YOUR TASK
Start to finish, retype the entries exactly while omitting the pictures.

Records contained in a dataset
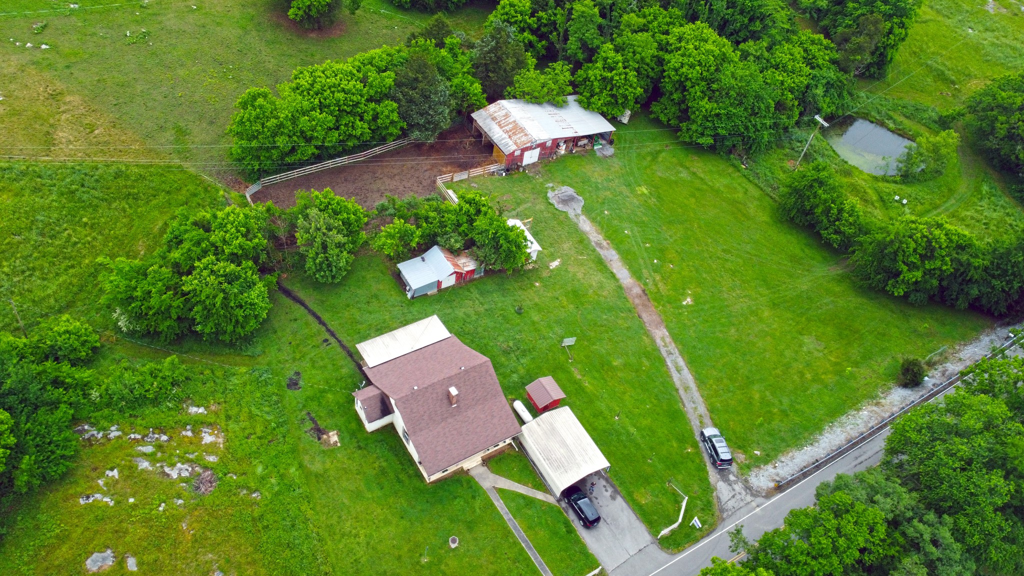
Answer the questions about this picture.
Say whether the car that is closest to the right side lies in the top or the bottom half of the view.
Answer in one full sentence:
Seen from above, the car that is closest to the right side lies in the bottom half of the view.
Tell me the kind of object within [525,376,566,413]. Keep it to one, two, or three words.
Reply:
shed
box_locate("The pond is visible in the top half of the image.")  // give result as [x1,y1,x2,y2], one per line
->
[822,119,923,177]
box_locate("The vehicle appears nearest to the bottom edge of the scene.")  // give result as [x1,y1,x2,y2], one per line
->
[562,483,604,532]
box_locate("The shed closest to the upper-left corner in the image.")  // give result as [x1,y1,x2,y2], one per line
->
[398,246,477,297]
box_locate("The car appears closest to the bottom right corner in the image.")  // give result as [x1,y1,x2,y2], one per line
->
[699,426,733,470]

RESPONSE
Answer the questions about this picture.
Say whether the car that is closest to the right side lies in the top or the bottom half of the view.
Answer in one full sentence:
Seen from above, the car that is closest to the right side lies in the bottom half of the view.
Tell me the kind of object within [525,376,566,413]. Keep it to one, two, or three words.
Reply:
shed
box_locate("The pond is visible in the top half of the image.")  // give result as [x1,y1,x2,y2], one per line
->
[822,119,923,177]
box_locate("The vehicle appears nearest to the bottom edge of the scene.")  // give result as [x1,y1,x2,y2], one per line
->
[562,483,604,532]
box_locate("The shed closest to the upper-left corner in the image.")  // give result as [x1,y1,x2,y2], one per line
->
[398,246,477,297]
box_locate("The car appears closest to the bottom right corner in the image.")  // give result as [x1,y1,x2,y2], one per line
->
[699,426,733,470]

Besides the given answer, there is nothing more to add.